- Kei Mouth Kei Mouth Kei Mouth
- Coordinates: 32°40′S 28°22′E﻿ / ﻿32.667°S 28.367°E
- Country: South Africa
- Province: Eastern Cape
- District: Amathole
- Municipality: Great Kei

Government
- • Type: Part of a local municipality

Area
- • Total: 2.07 km^{2} (0.80 sq mi)

Population (2011)
- • Total: 291
- • Density: 140/km^{2} (360/sq mi)

Racial makeup (2011)
- • Black African: 7.6%
- • Indian/Asian: 0.7%
- • White: 91.4%
- • Other: 0.3%

First languages (2011)
- • English: 64.2%
- • Afrikaans: 29.0%
- • Xhosa: 4.3%
- • Tswana: 1.1%
- • Other: 1.4%
- Time zone: UTC+2 (SAST)
- Postal code (street): 5260
- PO box: 5260
- Area code: 043
- Website: Kei Mouth

= Kei Mouth =

Kei Mouth (Afrikaans: Keimond) is a resort town on the southeast coast of South Africa, situated in the Wild Coast region of the Eastern Cape Province, situated 94 kilometres from the city of East London. The town is situated on the Indian Ocean coast, on the western bank of the Great Kei River, and has one of the country's three remaining car transporting pontoon river ferries.

== History ==
The town of Kei Mouth was created by the British after the 8th Frontier War, as part of the frontline of a buffer zone aimed at protecting British Kaffraria from the warring Xhosa tribes.

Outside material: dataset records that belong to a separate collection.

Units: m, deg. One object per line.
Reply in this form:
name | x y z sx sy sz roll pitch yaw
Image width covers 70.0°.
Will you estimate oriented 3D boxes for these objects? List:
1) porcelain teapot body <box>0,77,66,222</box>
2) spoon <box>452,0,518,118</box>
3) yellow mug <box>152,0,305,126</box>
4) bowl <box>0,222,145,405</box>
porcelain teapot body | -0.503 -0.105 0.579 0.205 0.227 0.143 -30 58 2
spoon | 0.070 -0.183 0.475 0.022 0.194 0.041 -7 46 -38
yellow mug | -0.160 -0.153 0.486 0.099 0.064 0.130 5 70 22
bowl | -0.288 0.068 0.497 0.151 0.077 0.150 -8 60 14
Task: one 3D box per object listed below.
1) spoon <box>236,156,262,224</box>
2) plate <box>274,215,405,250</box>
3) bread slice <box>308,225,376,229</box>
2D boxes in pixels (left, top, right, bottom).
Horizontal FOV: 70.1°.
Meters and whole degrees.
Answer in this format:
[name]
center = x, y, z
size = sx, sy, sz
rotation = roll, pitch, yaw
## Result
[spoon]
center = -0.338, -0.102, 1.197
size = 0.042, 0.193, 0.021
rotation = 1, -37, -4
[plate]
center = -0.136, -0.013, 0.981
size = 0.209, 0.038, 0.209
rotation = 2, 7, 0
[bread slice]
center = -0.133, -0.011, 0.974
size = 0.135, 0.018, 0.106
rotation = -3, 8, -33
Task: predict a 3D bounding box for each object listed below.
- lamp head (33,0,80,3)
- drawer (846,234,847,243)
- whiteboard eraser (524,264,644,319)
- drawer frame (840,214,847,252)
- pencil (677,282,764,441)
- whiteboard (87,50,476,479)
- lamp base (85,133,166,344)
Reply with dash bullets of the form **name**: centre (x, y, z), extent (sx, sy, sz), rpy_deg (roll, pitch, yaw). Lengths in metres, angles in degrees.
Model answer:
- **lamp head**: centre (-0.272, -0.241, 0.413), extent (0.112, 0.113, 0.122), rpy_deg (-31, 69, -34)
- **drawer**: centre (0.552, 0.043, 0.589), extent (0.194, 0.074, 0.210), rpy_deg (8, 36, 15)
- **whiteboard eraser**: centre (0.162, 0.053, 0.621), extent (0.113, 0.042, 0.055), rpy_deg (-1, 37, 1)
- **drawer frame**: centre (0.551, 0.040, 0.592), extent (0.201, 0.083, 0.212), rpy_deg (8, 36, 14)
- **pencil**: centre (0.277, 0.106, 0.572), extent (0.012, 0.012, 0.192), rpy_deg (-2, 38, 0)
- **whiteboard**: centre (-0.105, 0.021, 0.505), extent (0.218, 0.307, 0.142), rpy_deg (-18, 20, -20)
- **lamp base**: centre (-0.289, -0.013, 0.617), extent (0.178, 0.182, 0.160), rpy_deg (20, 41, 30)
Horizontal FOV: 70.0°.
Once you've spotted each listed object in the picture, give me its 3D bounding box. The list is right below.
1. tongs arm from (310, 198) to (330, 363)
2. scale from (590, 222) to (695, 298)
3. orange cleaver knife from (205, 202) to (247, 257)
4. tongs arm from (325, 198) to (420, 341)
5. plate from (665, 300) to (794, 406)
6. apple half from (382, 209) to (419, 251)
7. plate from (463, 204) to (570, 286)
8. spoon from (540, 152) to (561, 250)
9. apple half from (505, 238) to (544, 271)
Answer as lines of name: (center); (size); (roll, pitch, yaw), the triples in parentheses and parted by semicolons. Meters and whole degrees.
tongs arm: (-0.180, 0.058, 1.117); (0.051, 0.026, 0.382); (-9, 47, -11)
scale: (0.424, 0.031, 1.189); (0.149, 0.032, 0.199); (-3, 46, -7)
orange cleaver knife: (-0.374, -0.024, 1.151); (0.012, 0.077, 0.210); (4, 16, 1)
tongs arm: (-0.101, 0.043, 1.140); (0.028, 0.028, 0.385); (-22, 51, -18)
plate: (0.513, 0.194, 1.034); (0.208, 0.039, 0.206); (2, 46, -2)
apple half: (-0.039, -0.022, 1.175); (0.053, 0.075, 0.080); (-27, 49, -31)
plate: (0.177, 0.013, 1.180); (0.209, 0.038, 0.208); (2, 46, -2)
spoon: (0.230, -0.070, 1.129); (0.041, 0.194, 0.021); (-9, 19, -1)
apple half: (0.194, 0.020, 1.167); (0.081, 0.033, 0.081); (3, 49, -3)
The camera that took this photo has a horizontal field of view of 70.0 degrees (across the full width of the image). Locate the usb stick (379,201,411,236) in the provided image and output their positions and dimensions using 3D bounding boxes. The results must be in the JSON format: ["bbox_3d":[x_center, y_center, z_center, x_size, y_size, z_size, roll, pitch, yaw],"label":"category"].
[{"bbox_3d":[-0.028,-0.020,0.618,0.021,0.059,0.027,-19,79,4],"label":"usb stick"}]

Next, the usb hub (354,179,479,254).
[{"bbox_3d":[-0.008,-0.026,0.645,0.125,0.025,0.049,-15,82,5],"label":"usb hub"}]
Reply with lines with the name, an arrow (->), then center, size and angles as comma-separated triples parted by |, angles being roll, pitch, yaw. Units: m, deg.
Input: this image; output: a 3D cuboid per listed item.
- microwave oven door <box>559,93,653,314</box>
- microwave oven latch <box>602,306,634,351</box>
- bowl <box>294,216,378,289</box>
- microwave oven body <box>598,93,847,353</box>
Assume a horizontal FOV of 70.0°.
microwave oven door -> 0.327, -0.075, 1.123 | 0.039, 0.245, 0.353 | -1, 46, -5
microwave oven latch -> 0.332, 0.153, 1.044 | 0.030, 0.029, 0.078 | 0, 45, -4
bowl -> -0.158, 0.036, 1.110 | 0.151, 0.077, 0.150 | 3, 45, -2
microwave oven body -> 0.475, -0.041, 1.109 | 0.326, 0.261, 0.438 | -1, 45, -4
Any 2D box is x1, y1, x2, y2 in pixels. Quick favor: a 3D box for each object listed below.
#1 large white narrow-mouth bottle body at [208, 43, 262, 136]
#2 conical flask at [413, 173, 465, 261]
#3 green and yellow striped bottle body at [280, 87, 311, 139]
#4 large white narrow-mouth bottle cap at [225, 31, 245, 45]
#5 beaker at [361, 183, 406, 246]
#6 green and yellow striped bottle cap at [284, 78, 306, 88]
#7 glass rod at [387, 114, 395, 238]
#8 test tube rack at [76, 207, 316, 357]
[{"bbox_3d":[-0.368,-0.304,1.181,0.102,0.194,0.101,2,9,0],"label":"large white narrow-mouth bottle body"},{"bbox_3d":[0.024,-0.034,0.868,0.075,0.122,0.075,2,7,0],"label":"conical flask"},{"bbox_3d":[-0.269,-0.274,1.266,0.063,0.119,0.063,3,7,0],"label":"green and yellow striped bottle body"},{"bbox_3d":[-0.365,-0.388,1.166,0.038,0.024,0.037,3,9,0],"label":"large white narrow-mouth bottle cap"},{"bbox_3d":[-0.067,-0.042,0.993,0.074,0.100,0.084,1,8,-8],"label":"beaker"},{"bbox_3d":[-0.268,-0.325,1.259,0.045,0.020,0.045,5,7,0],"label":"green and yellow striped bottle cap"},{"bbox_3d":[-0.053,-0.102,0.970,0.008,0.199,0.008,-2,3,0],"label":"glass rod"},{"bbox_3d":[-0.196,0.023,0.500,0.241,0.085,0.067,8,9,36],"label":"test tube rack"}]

Huberta, the famous Hippo, took up residence in the Kei River just above third cave in 1930. She was eventually chased off and continued her journey southward once more.

== Sports ==
Bowls and Golf are favoured pastimes in Kei Mouth. The Kei Mouth Country Club has a 12-hole golf course and there is a bowling green and a squash court adjacent to the campsite. The country club is the venue for a weekly parkrun.

Other sporting activities include mountain biking, horse riding and water sports such as surfing, swimming, fishing, boating and windsurfing.

== Tourism ==
The economy of Kei Mouth revolves largely around tourism due to its location at the southern entrance to the erstwhile Transkei region. Whilst many of the residents are retirees, a large portion of homes are holiday homes owned by families from the interior. There are several accommodation establishments, a municipal campsite, multiple restaurants and bars, one supermarket (Savemor), a shop (Rainbow Supermarket) and a fuel station..

Nearby resort towns include:
Qolora Mouth, Morgan Bay, Haga Haga and Chintsa

==Demographics==
The main languages spoken in Kei Mouth are English, Xhosa and Afrikaans. The town is home to a large number of retirees, thanks to the mild climate and holiday atmosphere.